__Exercise objective__. Check every line of the data for the string "small" and copy the ones that have it.

*** Begin section ***

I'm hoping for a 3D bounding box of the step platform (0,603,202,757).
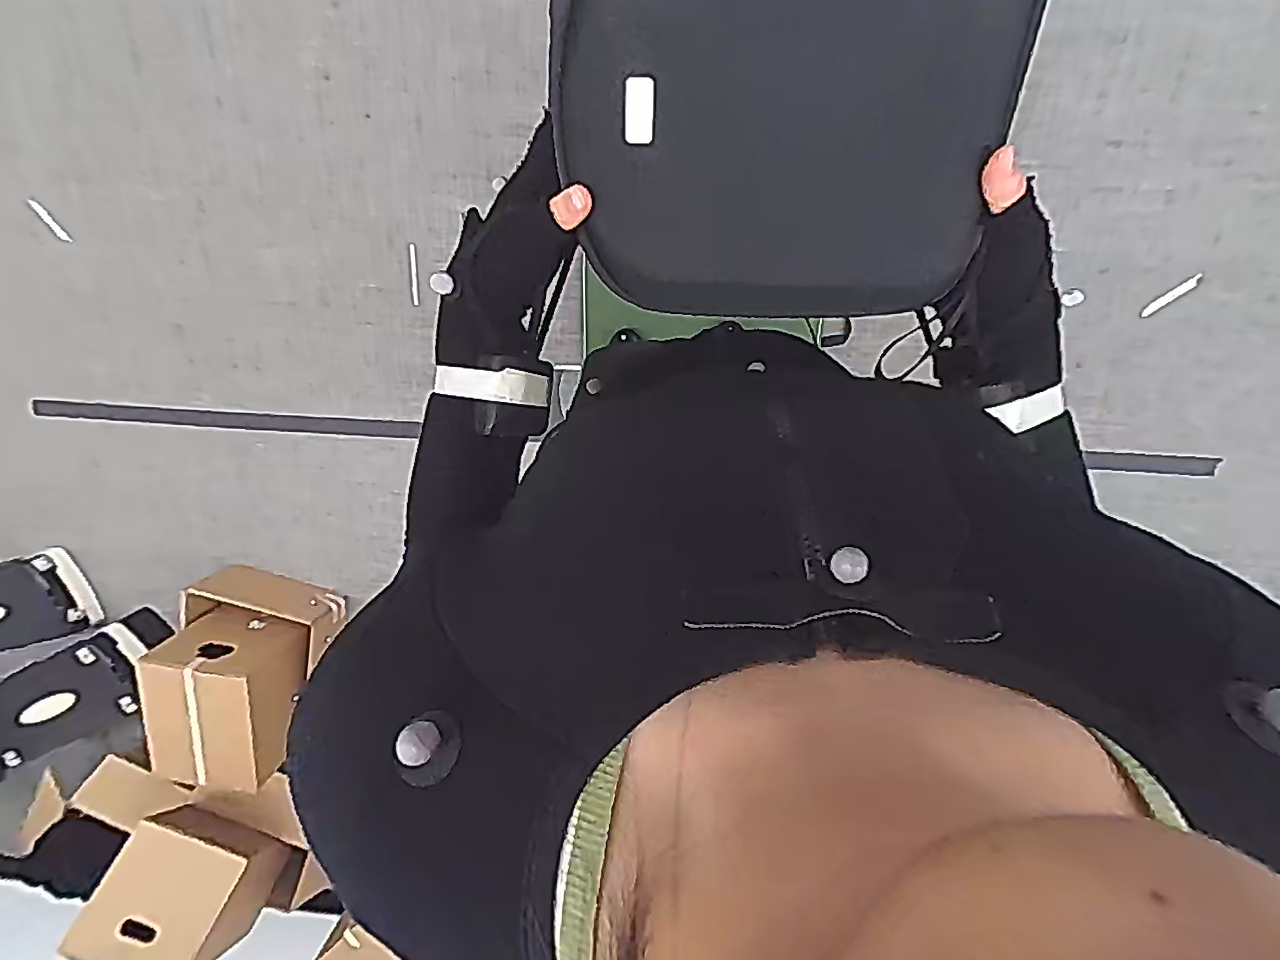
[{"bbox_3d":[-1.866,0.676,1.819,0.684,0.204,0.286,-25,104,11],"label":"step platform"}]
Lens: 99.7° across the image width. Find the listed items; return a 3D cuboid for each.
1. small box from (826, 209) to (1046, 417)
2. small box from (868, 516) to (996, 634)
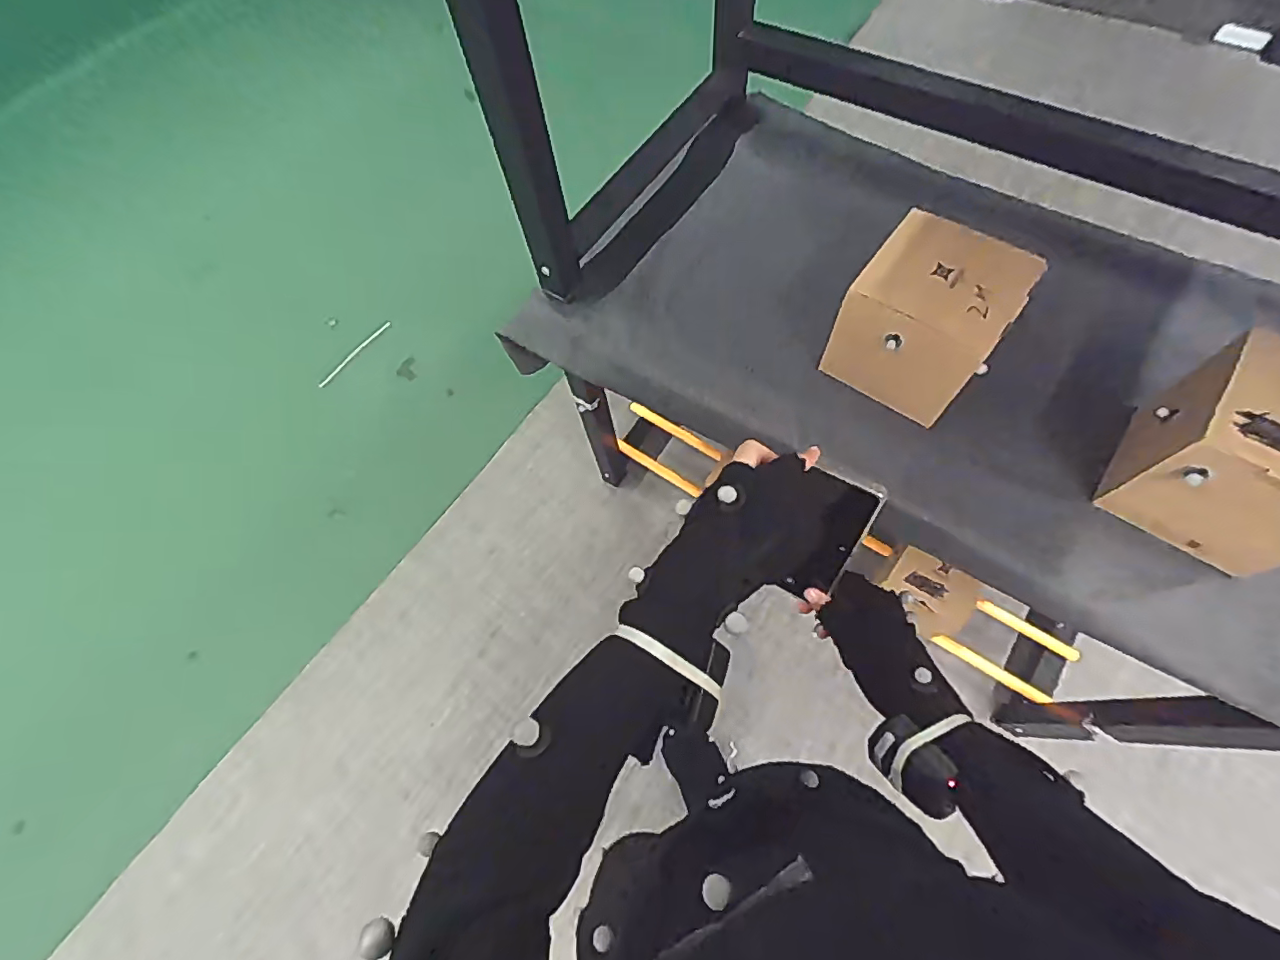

*** End section ***

__Task response__.
1. small box from (826, 209) to (1046, 417)
2. small box from (868, 516) to (996, 634)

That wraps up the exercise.